Dataset content START
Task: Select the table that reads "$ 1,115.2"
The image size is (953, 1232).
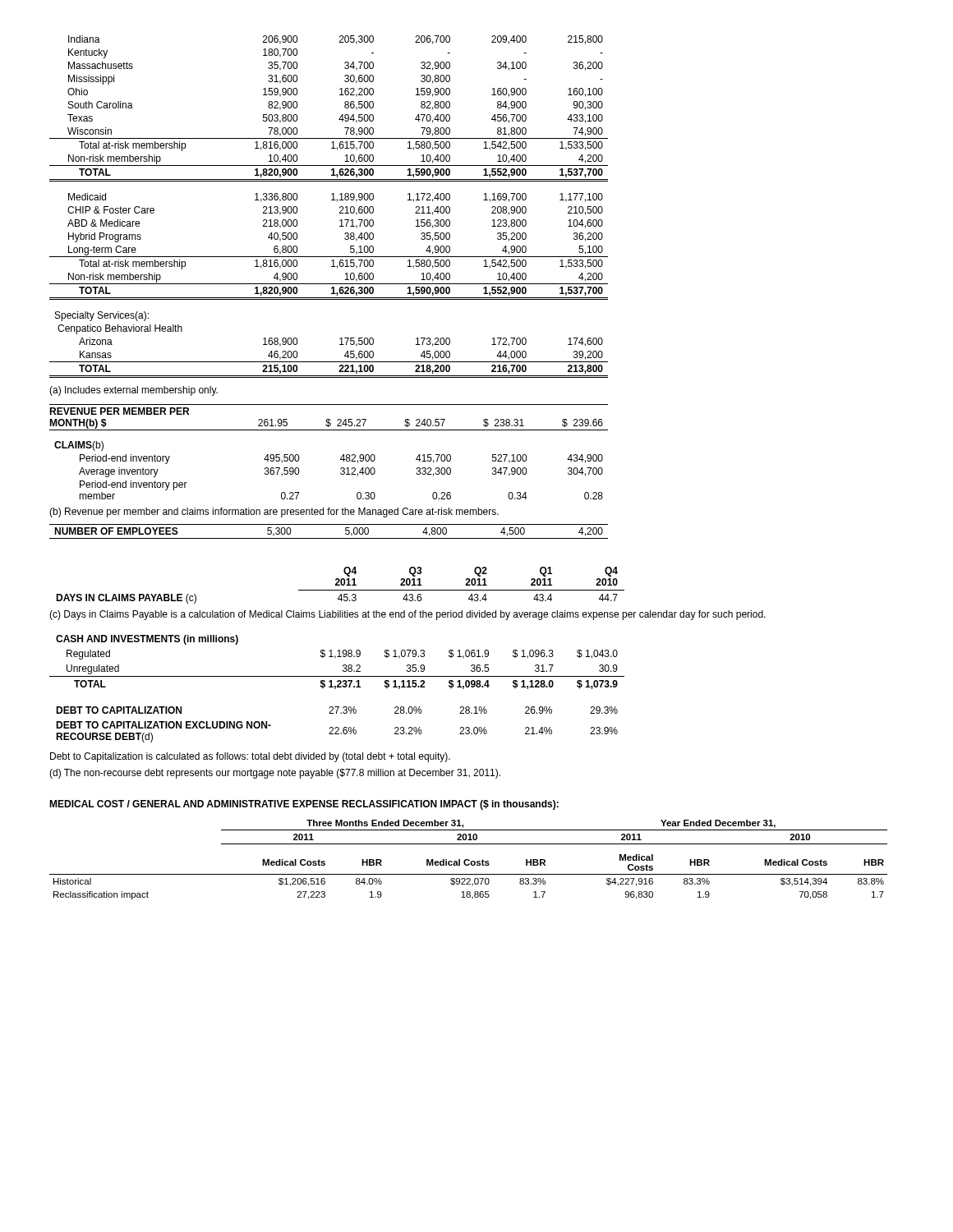Action: 476,662

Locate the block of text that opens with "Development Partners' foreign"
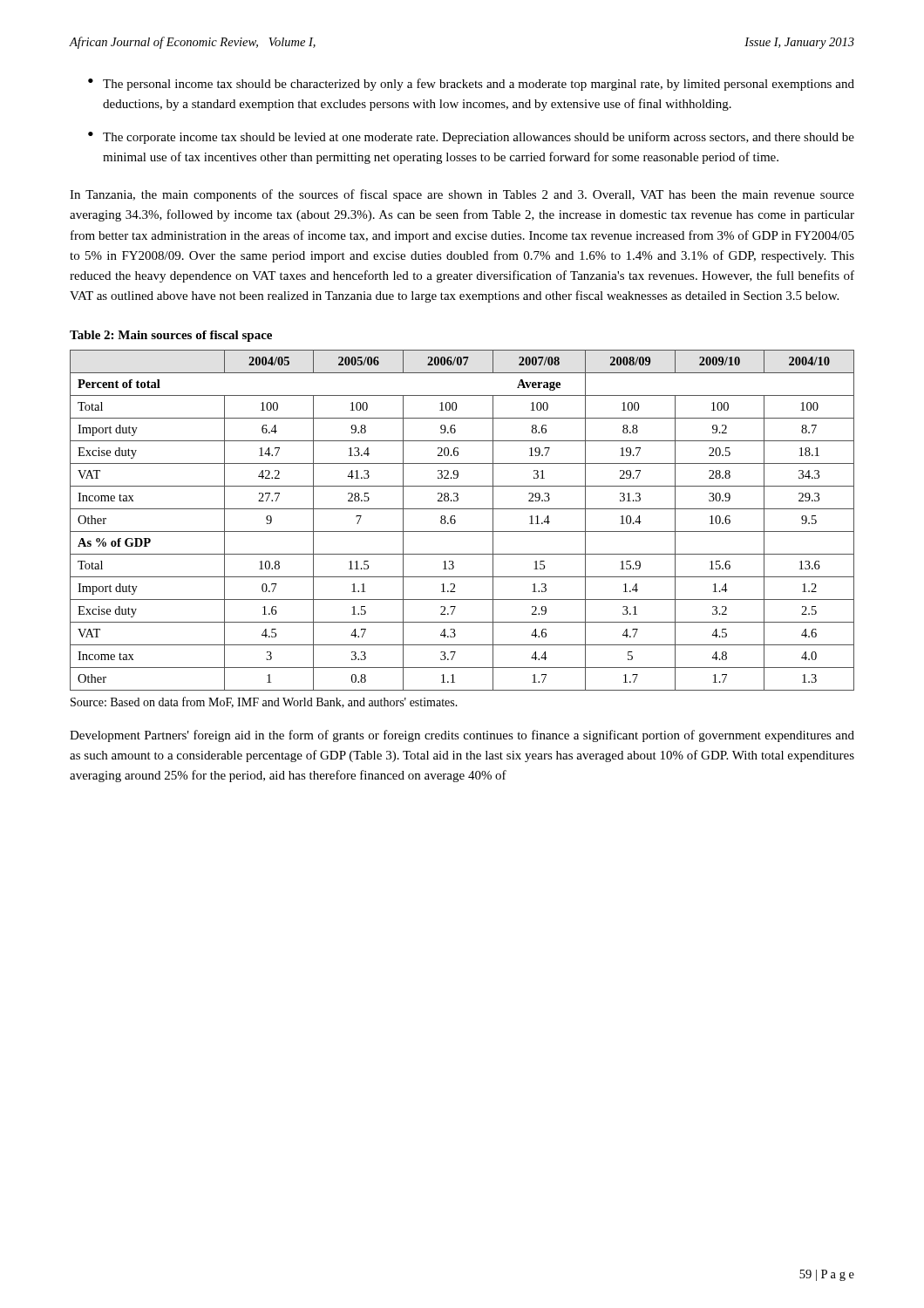click(x=462, y=755)
Dataset content END
For each line above, output its wording exactly and leave out any picture.

Task: Select the table that reads "$ 1,115.2"
The image size is (953, 1232).
Action: 476,662

Locate the block of text that opens with "Development Partners' foreign"
click(x=462, y=755)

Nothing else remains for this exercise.